Every error body follows one of:

```json
{ "error": "Human-readable message" }
```

or, for 400 validation errors:

```json
{ "error": "...", "details": { "fieldName": { "_errors": ["Field is required"] } } }
```

`402` on x402 adds structured `topUpInstructions` and `siwxChallenge`. See [`venice-errors`](../venice-errors/SKILL.md) for the full table and retry strategy.

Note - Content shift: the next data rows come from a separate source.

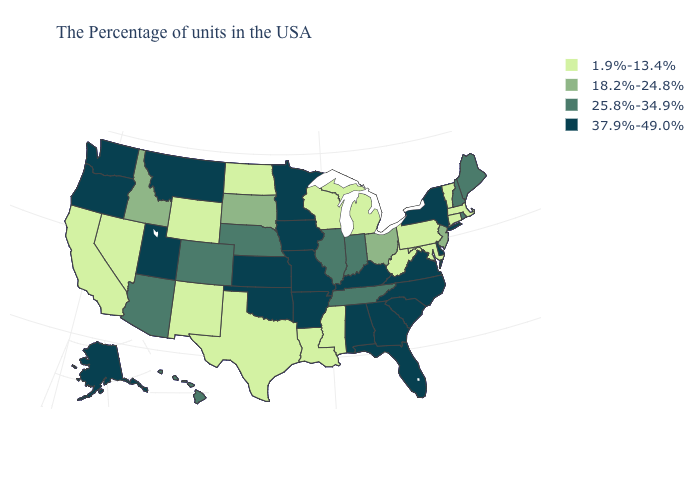Name the states that have a value in the range 37.9%-49.0%?
Concise answer only. New York, Delaware, Virginia, North Carolina, South Carolina, Florida, Georgia, Kentucky, Alabama, Missouri, Arkansas, Minnesota, Iowa, Kansas, Oklahoma, Utah, Montana, Washington, Oregon, Alaska. What is the value of Wisconsin?
Be succinct. 1.9%-13.4%. Does the map have missing data?
Concise answer only. No. Among the states that border Maryland , which have the highest value?
Write a very short answer. Delaware, Virginia. Name the states that have a value in the range 37.9%-49.0%?
Short answer required. New York, Delaware, Virginia, North Carolina, South Carolina, Florida, Georgia, Kentucky, Alabama, Missouri, Arkansas, Minnesota, Iowa, Kansas, Oklahoma, Utah, Montana, Washington, Oregon, Alaska. Name the states that have a value in the range 18.2%-24.8%?
Be succinct. New Jersey, Ohio, South Dakota, Idaho. Is the legend a continuous bar?
Short answer required. No. Does West Virginia have a higher value than Florida?
Short answer required. No. Among the states that border California , which have the lowest value?
Quick response, please. Nevada. Does North Carolina have the lowest value in the South?
Give a very brief answer. No. Does New York have the highest value in the USA?
Keep it brief. Yes. Which states have the highest value in the USA?
Quick response, please. New York, Delaware, Virginia, North Carolina, South Carolina, Florida, Georgia, Kentucky, Alabama, Missouri, Arkansas, Minnesota, Iowa, Kansas, Oklahoma, Utah, Montana, Washington, Oregon, Alaska. What is the value of South Dakota?
Be succinct. 18.2%-24.8%. Among the states that border New Hampshire , which have the lowest value?
Answer briefly. Massachusetts, Vermont. Does Vermont have a higher value than Nebraska?
Short answer required. No. 
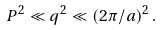Convert formula to latex. <formula><loc_0><loc_0><loc_500><loc_500>P ^ { 2 } \ll q ^ { 2 } \ll ( 2 \pi / a ) ^ { 2 } \, .</formula> 
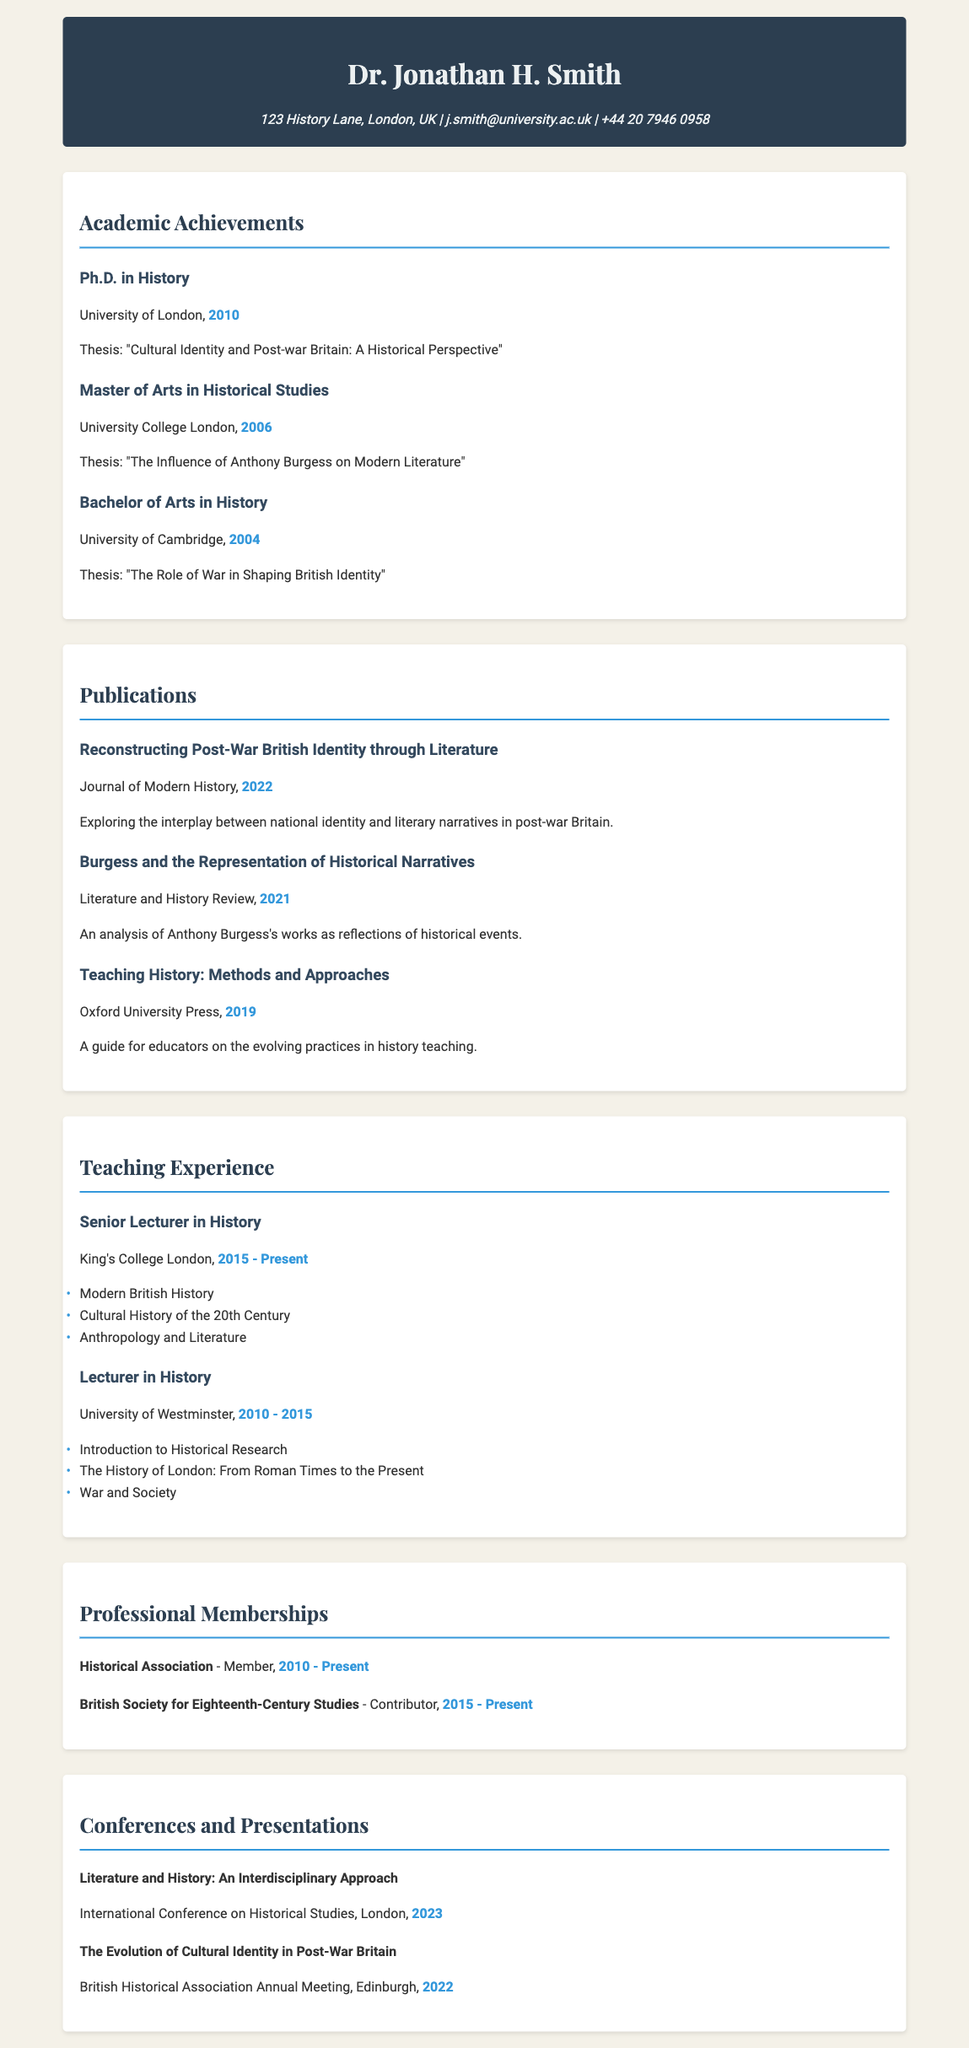What is the highest degree attained by Dr. Jonathan H. Smith? The highest degree is the Ph.D. in History, awarded in 2010.
Answer: Ph.D. in History In which year was the thesis about "The Influence of Anthony Burgess on Modern Literature" completed? The thesis was completed in 2006 as part of the Master's program.
Answer: 2006 Which university did Dr. Smith attend for his Bachelor's degree? The document states that he attended the University of Cambridge for his Bachelor's degree.
Answer: University of Cambridge How many publications are listed in the document? There are three publications mentioned in the Publications section.
Answer: Three What is the role held by Dr. Smith at King's College London? The document specifies that he is a Senior Lecturer in History at King's College London.
Answer: Senior Lecturer in History What is the title of Dr. Smith's publication from 2022? The title is "Reconstructing Post-War British Identity through Literature."
Answer: Reconstructing Post-War British Identity through Literature During which years did Dr. Smith serve as a Lecturer in History? The document indicates he served as a Lecturer from 2010 to 2015.
Answer: 2010 - 2015 Which professional membership has Dr. Smith held since 2010? He has been a member of the Historical Association since 2010.
Answer: Historical Association What is the theme of the conference presentation given in 2022? The theme is "The Evolution of Cultural Identity in Post-War Britain."
Answer: The Evolution of Cultural Identity in Post-War Britain

## OpenAI compatibility — what works and what doesn't

- Drop-in: `/chat/completions`, `/embeddings`, `/images/generations`, `/audio/speech`, `/audio/transcriptions`, `/models`.
- Ignored but accepted for compat: `user`, `store`.
- Venice-only extensions live under:
  - `venice_parameters` (chat completions)
  - `venice_parameters` is **rejected** on `/responses` — use headers / native fields instead
- Model feature suffixes (e.g. `zai-org-glm-5-1:enable_web_search=on`, `kimi-k2-6:strip_thinking_response=true&disable_thinking=true`) flip `venice_parameters` via the model ID — see [`venice-chat`](../venice-chat/SKILL.md#model-feature-suffixes).

## Versioning

- `info.version` in `swagger.yaml` is a timestamp (`YYYYMMDD.HHMMSS`). There is **no** `/v2`; features roll forward on the single `/api/v1` surface and are guarded by:
  - **Alpha/Beta** tags in endpoint descriptions (e.g. `/responses`, Billing).
  - `x-guidance` / model capability flags on `/models`.
- Always check the model's `model_spec.capabilities` from `GET /models` for feature flags (`supportsWebSearch`, `supportsReasoning`, `supportsE2EE`, `supportsXSearch`, `supportsMultipleImages`, `supportsFunctionCalling`, `supportsAudioInput`, `supportsVideoInput`, …) before relying on a feature.

## Fast start checklist

1. Read [`venice-auth`](../venice-auth/SKILL.md) and choose Bearer vs x402.
2. `GET /models` — pick a model and note its `model_spec.constraints` and `model_spec.pricing`.
3. Wire up one happy-path call from the matching skill.
4. Add error handling using [`venice-errors`](../venice-errors/SKILL.md) (402, 422, 429).
5. Hook up observability via `X-Balance-Remaining` / `/billing/usage` / `/x402/transactions`.